Many cathedrals have deposited the bulk of their older archives in county record offices. This is borne out of a realisation that they cannot provide storage, to a satisfactory archival standard, for large collections and so they tend to retain only the prize items which are likely to be used for exhibition purposes. This mirrors the practice of the Church of Ireland where many cathedral collections have been transferred to the RCB Library.

More topically, cathedrals are trying to cope with the challenges of modern records management – duplication of records, significant backlogs, concern about workloads, difficult working relationships. The challenges are, at least in part, a consequence of a reality that in many cases the archives and records dimension is not well enough resourced and is often not seen as a priority by the senior cathedral, administrators. Also, cathedrals are struggling to deal with digitally born records and many are at a very elementary stage developing and implementing appropriate policies.

More conventionally, cathedrals are digitizing their prize manuscripts as presentations on digitizing the St Paul’s Psalter and Rochester cathedral’s 12th Textus Roffensis demonstrated. The Textus Roffensis has recently been one of the new inscription’s to the UNESCO UK Memory of World Register.

Another topical issue is that of memorials. St Paul’s has been working on memorials to artists in the cathedral and  has begun a community engagement project. This will seek to explain contentious monuments which relate to the East India Company and to the West Indies and to provide interpretative texts. The project has benefitted from a research partnership with the University of York.

The only Irish cathedral represented at the conference was Christ Church cathedral, Dublin, which is a long standing member of the Association. Yet there are considerable benefits for other Irish cathedrals in membership, While most of the cathedral libraries have been transferred to the universities and most of the cathedral archives are in the RCB Library there remains in Irish cathedrals a vast array of physical material, much of which is largely undocumented – stonework, furniture, musical instruments, art works, fabrics. These are issues with which the members of CALCA can help.
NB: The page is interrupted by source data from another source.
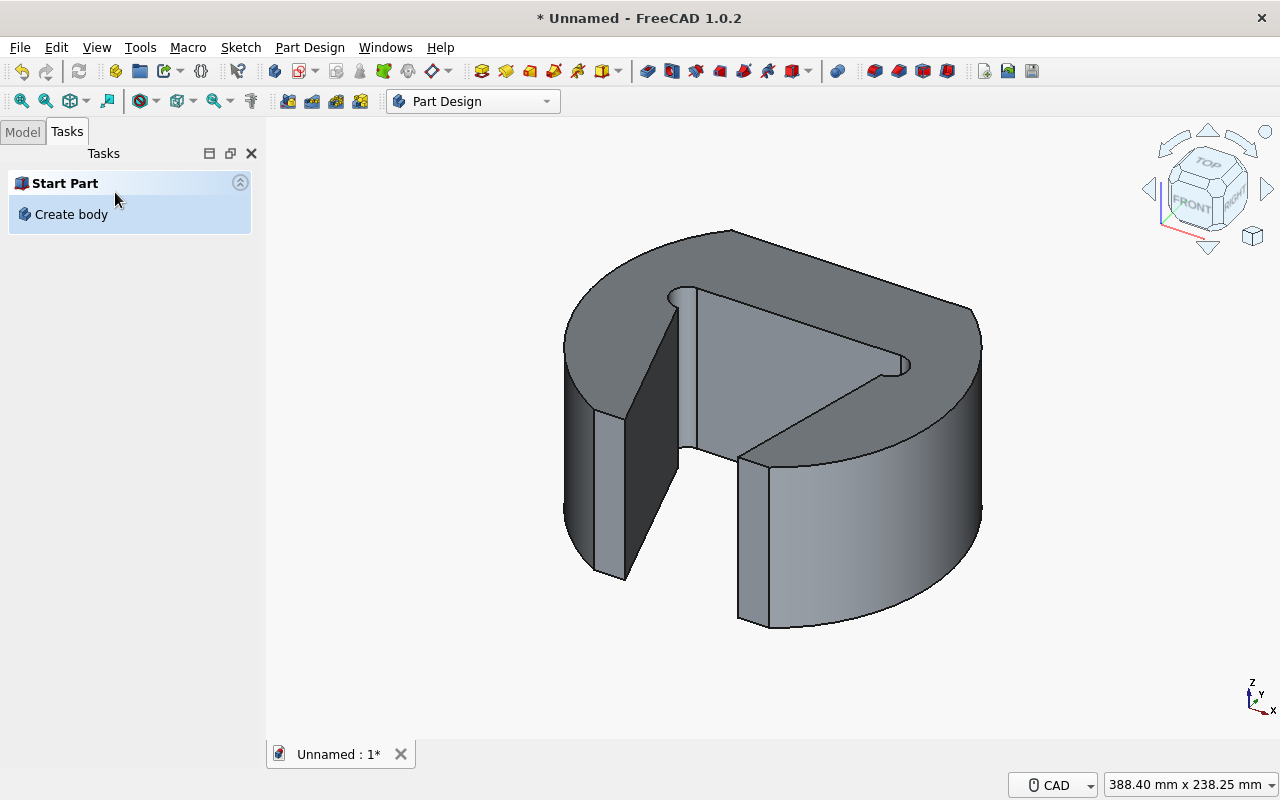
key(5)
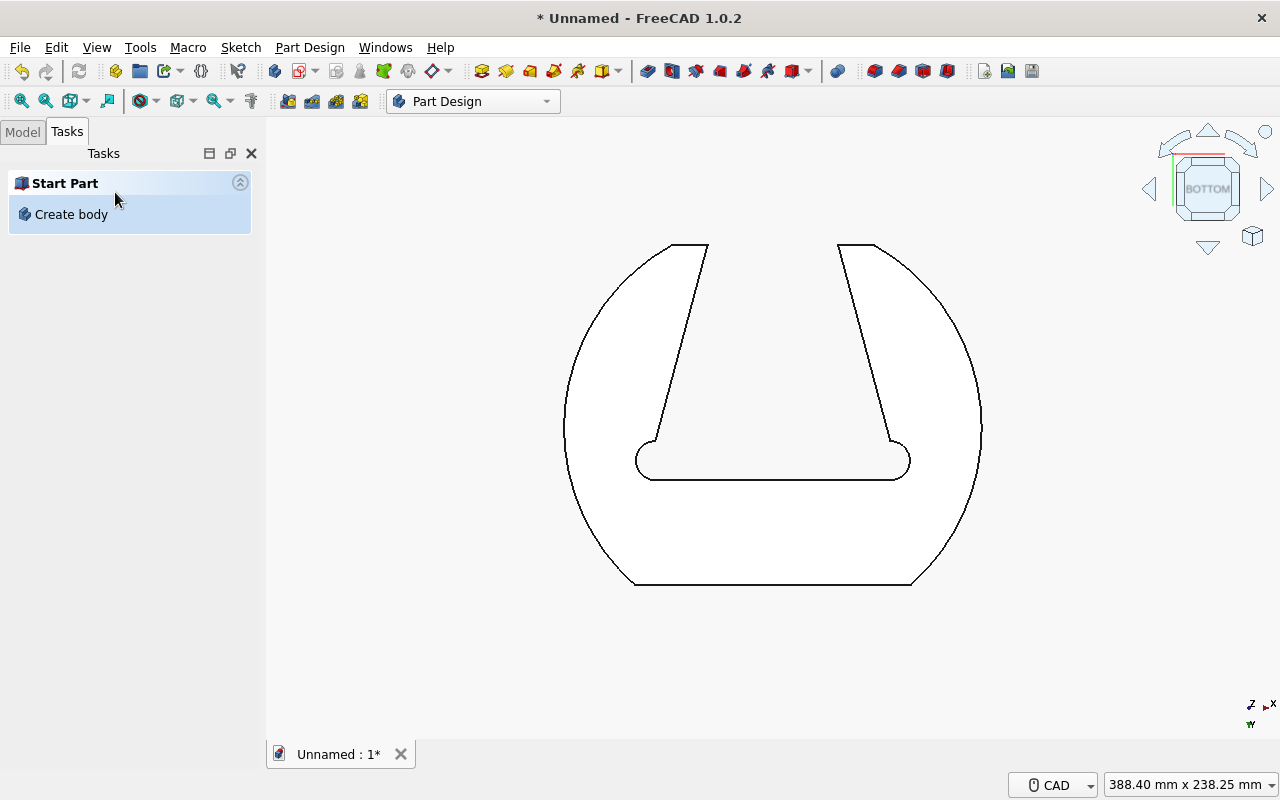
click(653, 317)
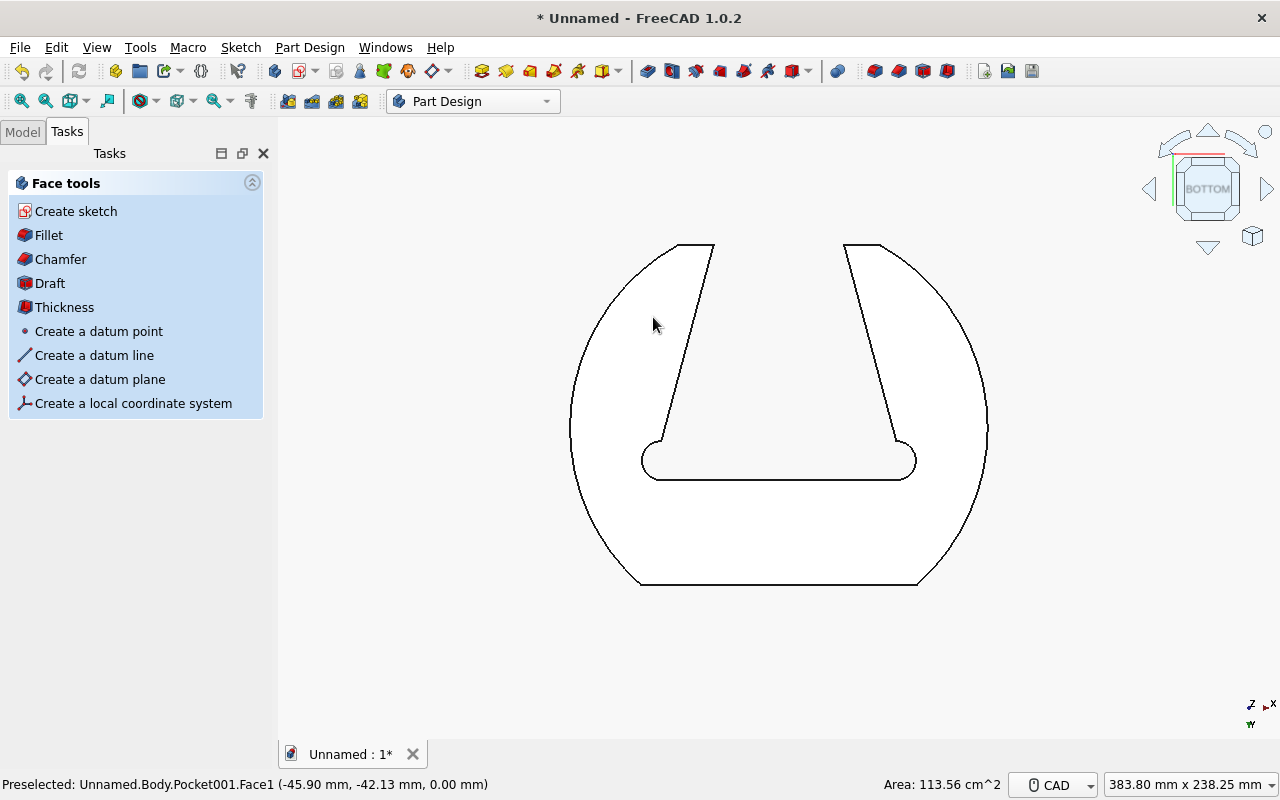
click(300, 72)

The membership secretary is Katerina Powell at katerinapowellconservation@gmail.com

Tomorrow (Sunday) in Christ Church cathedral, Dublin, the 11am Eucharist and Evensong at 3.30pm will be sung by the choir of St Peter’s cathedral, Exeter.

Summer Music at Sandford continues in Sandford parish church, Ranelagh, on Friday, at 1.10pm, when  Richard Shaffrey (tenor) & David O’Shea (piano) will perform selection of folk songs, operatic arias and songs from the shows.

St Patrick’s cathedral, Dublin, has announced extended opening hours over July and August. The cathedral will  reopen to visitors after Evensong at 6.15pm with last admission at 7.15pm. Booking online in advance is advised as spaces are limited and some evenings may not be available due to private events.